* Goal of the exercise *
Reproduce the listing below exactly, except for its pictures.

····················

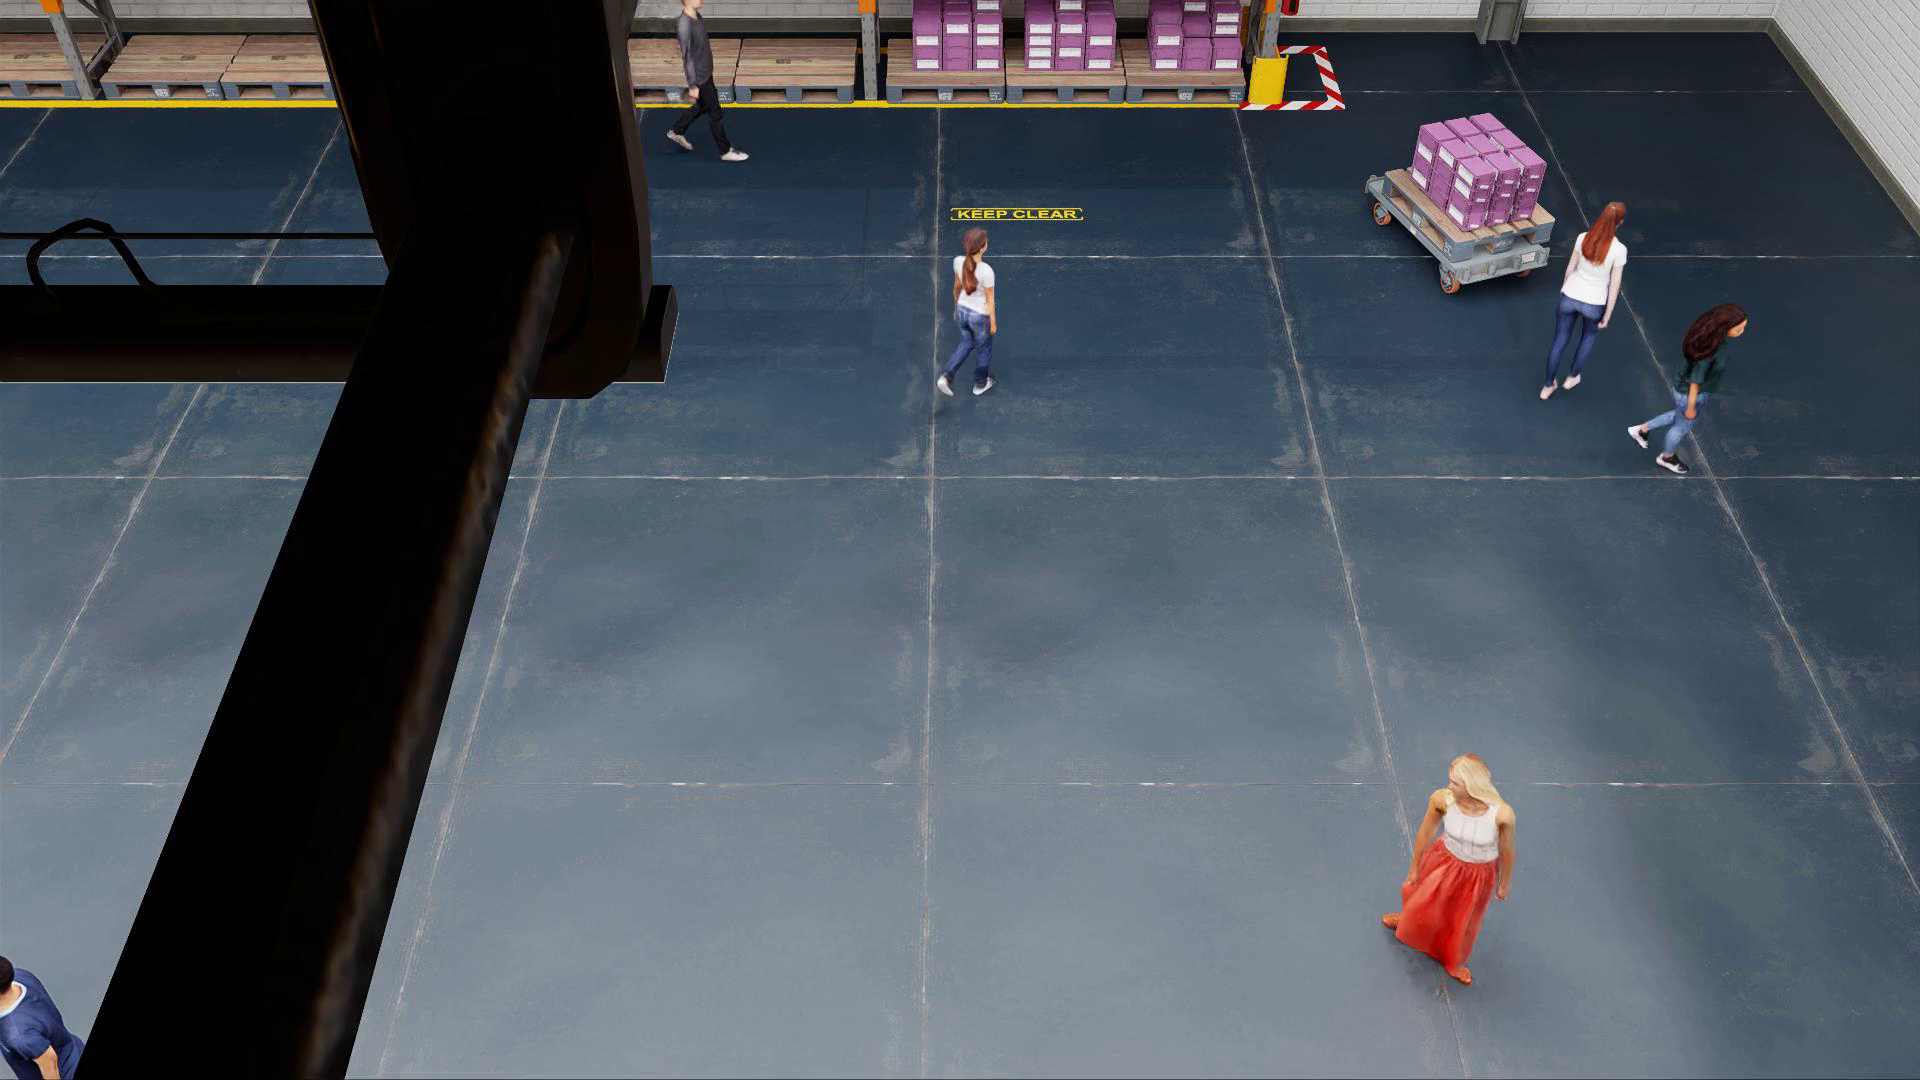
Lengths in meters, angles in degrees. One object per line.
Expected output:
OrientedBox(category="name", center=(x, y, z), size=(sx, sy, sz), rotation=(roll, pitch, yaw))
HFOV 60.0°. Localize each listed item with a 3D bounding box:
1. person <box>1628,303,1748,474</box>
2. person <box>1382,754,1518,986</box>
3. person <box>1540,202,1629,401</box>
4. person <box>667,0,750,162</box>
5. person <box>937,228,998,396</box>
OrientedBox(category="person", center=(5.333, -1.124, 12.292), size=(0.881, 1.591, 0.802), rotation=(19, 47, 19))
OrientedBox(category="person", center=(2.784, 1.800, 9.085), size=(0.743, 1.781, 0.904), rotation=(7, 44, 7))
OrientedBox(category="person", center=(4.794, -1.790, 12.900), size=(0.749, 1.716, 0.814), rotation=(22, 48, 22))
OrientedBox(category="person", center=(-2.500, -4.360, 15.581), size=(1.011, 1.740, 0.631), rotation=(1, 44, 1))
OrientedBox(category="person", center=(0.078, -1.729, 12.961), size=(0.844, 1.545, 0.881), rotation=(31, 52, 29))

····················

* Answer for this exercise *
Lengths in meters, angles in degrees. One object per line.
Expected output:
OrientedBox(category="name", center=(x, y, z), size=(sx, sy, sz), rotation=(roll, pitch, yaw))
HFOV 60.0°. Localize each listed item with a 3D bounding box:
1. person <box>1628,303,1748,474</box>
2. person <box>1382,754,1518,986</box>
3. person <box>1540,202,1629,401</box>
4. person <box>667,0,750,162</box>
5. person <box>937,228,998,396</box>
OrientedBox(category="person", center=(5.333, -1.124, 12.292), size=(0.881, 1.591, 0.802), rotation=(19, 47, 19))
OrientedBox(category="person", center=(2.784, 1.800, 9.085), size=(0.743, 1.781, 0.904), rotation=(7, 44, 7))
OrientedBox(category="person", center=(4.794, -1.790, 12.900), size=(0.749, 1.716, 0.814), rotation=(22, 48, 22))
OrientedBox(category="person", center=(-2.500, -4.360, 15.581), size=(1.011, 1.740, 0.631), rotation=(1, 44, 1))
OrientedBox(category="person", center=(0.078, -1.729, 12.961), size=(0.844, 1.545, 0.881), rotation=(31, 52, 29))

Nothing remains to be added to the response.